The water was part of the problem too. Growing up in the US, where you can drink from the tap in many places, it is hard to kick some of those old habits like rinsing your toothbrush. In China, especially in Baoding, ingesting just a few drops would put you out of commission for days. No washing fruit or vegetables that you planned to eat raw, indeed no glass of water to wet a dry throat at night, and when you showered or washed your face, you had to be very careful to keep your mouth shut. Even boiled water was full of pesticides and hard metals.

The environment also had a significant impact. It was much dryer than my body was used to in Baoding, and the air pollution in winter was extremely high. It all culminated in a sinus infection that latched on and never fully let go the whole time I lived in China.

I mention all this because very early on, I realized that I needed to start exercising more. For one, I wanted to boost my immune system. More importantly, I was fresh out of four years of college, with its late-night pizza and fried food, and thus had a dad’s body at the ripe old age of 25. I had already made a massive change to my life by moving to China, so I thought, what would be a better time to get in shape? I would soon find that here, too, there would be interesting differences and stories to tell.

Most of the other foreigners I lived with had already been in the country for six months or more when I arrived. The typical contract was for one year and began in September. This was probably March. Therefore, I had a bit of an advantage in that they shared many of their learned lessons with me, struggles that I could avoid. The friend I mentioned above with the rice had also realized he needed to exercise more and had found a local gym. He urged me to join, so I agreed, thinking it would be like an establishment I was used to in the US. At the time, gyms were relatively rare in China and especially so in Baoding.

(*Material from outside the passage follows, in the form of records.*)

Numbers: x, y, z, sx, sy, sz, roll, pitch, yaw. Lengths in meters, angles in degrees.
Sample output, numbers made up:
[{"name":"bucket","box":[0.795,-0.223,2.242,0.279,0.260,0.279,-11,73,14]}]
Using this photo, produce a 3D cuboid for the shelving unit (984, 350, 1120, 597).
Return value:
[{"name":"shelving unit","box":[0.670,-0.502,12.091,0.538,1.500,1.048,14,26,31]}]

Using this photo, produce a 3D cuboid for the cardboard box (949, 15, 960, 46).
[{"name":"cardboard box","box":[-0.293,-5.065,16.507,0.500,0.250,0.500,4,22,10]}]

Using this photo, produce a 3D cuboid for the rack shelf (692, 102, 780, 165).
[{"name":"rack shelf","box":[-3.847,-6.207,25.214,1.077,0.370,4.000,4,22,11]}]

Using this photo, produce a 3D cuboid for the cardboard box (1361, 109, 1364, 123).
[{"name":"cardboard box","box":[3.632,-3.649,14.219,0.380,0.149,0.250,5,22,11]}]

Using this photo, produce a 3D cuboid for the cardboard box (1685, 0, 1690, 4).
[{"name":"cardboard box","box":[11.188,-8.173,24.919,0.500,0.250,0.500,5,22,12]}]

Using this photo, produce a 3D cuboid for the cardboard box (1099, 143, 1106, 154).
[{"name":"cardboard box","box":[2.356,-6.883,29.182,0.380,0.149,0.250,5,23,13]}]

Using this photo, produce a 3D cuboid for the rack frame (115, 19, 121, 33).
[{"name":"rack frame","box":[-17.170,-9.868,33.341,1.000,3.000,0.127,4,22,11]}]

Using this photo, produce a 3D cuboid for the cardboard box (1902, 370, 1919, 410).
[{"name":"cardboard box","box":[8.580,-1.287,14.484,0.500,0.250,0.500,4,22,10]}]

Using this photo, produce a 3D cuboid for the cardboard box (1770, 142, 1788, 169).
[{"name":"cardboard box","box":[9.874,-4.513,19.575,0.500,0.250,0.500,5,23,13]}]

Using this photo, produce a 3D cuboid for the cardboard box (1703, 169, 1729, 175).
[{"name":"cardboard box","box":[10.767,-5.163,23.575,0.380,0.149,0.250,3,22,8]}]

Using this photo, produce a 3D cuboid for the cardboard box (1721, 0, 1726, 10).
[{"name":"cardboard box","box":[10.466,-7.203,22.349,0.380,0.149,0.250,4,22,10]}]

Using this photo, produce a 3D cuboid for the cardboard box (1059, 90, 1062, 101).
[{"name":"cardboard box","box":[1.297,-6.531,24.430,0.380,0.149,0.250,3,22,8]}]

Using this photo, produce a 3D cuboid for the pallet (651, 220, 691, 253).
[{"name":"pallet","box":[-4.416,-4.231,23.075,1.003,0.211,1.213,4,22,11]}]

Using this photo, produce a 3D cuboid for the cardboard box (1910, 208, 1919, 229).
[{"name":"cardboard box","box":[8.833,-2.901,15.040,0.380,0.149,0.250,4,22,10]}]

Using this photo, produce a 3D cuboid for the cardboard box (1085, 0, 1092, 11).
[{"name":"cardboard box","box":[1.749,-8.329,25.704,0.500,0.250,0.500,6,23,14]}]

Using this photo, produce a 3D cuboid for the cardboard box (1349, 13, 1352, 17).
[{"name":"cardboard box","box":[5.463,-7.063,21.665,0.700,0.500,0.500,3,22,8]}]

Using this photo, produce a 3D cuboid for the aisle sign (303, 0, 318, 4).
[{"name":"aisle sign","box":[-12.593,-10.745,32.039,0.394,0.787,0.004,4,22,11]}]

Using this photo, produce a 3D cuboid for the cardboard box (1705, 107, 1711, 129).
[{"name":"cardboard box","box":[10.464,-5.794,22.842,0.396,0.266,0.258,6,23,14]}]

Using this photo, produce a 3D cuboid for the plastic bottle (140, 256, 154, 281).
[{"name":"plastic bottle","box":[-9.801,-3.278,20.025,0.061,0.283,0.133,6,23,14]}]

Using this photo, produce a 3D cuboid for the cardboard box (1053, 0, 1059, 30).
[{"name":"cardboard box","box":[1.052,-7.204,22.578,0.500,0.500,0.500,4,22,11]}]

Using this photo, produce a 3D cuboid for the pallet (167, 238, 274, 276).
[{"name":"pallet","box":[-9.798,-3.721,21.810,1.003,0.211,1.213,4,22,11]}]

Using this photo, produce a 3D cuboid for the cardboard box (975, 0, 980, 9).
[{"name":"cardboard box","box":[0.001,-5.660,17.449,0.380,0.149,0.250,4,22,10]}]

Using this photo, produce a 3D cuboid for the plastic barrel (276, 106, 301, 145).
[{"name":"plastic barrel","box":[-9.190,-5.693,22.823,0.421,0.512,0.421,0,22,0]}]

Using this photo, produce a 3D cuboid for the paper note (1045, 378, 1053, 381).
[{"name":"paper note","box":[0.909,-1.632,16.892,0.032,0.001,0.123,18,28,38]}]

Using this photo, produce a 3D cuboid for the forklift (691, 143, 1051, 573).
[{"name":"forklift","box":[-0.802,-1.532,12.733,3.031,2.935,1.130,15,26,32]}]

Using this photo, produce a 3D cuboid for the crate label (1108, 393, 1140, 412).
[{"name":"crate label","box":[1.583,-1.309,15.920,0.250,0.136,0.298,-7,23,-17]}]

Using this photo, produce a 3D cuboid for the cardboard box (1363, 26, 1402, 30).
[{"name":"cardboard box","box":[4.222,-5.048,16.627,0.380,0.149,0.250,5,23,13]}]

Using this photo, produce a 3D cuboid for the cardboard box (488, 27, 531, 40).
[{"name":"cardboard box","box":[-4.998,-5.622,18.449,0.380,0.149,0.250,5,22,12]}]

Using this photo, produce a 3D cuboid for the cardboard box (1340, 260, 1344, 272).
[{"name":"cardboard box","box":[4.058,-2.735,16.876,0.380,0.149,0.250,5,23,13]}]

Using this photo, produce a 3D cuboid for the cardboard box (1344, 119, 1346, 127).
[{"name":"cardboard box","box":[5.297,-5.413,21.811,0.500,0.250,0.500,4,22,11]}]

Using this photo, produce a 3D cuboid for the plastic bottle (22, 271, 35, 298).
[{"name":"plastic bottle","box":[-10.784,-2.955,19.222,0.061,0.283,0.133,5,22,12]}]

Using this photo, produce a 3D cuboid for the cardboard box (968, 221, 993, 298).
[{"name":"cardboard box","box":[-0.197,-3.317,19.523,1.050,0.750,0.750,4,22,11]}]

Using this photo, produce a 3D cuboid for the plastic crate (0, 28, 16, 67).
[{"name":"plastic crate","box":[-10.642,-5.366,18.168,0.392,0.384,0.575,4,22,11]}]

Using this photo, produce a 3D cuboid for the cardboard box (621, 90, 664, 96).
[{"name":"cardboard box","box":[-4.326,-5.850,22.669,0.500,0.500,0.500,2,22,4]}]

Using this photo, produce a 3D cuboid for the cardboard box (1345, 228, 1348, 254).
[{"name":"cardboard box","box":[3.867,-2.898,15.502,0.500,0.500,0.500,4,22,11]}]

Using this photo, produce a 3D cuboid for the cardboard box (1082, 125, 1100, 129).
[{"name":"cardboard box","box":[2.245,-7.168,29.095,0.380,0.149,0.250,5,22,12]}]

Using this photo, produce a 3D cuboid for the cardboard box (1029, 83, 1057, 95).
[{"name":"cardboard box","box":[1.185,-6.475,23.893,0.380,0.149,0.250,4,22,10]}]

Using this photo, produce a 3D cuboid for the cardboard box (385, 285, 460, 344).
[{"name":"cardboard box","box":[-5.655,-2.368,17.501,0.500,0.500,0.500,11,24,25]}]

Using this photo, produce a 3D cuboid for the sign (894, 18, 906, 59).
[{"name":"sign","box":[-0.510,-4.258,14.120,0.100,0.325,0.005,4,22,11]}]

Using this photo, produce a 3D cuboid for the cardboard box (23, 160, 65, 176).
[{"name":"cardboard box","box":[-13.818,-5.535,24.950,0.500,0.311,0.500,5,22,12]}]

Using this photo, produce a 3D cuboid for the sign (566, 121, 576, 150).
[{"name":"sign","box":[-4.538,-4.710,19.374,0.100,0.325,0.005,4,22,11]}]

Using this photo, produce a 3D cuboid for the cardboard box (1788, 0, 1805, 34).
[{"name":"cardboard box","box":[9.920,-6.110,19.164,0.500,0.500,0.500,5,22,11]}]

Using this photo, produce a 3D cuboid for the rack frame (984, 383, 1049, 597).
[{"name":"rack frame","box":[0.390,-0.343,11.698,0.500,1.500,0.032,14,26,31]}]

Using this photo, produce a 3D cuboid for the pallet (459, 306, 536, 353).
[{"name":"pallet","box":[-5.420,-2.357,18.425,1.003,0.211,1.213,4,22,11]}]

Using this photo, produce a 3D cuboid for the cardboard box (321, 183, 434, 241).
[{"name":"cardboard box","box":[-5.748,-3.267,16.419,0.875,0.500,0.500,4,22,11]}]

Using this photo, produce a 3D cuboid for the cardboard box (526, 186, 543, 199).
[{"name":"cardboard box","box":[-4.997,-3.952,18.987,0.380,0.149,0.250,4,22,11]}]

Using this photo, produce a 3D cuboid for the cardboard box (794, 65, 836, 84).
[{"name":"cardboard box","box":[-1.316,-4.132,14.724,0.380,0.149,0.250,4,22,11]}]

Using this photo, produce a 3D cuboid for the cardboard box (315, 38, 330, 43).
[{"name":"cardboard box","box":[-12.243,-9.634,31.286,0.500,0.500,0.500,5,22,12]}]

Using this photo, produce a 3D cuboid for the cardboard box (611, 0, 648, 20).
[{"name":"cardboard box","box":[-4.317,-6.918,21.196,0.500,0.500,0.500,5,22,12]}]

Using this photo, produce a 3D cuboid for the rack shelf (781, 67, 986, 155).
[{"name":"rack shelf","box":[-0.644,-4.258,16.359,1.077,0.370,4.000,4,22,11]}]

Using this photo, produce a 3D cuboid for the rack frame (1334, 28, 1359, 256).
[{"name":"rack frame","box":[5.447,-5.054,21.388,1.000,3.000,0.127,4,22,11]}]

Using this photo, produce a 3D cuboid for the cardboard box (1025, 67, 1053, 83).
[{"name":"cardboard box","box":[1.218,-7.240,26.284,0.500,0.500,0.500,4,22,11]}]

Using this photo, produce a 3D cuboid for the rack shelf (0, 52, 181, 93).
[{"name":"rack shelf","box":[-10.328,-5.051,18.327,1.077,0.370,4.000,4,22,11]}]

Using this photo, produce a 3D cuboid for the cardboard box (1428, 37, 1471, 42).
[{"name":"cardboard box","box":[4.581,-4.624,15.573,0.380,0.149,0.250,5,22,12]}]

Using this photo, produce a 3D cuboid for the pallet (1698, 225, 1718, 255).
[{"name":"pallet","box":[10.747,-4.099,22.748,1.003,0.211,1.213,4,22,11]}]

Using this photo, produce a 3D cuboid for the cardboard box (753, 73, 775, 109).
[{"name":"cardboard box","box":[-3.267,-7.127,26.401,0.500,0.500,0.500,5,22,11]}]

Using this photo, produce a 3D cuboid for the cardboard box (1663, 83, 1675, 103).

That first day of my new exercise routine, we walked across the street from Hebei University and into an apartment building. We went up the dark and dank stairwell to the fifth floor, the climb becoming part of the new routine. As a side note, virtually all residential buildings with less than seven floors do not have elevators in China. My in-laws live on the fifth floor of theirs, which at their age is quite a hike. Anyway, we came to a hall with a girl sitting at a little desk. We fumbled with our bad Chinese and managed to communicate that I wanted to sign up for a membership. I think it was like 100 RMB (roughly $15 at the time) for three months or something like that. Regardless, it was cheap. My friend then led me into the gym. It was, in many ways, like stepping back in time, inexpensive for a reason, and an introduction to a middle-aged Chinese man’s notion of exercise.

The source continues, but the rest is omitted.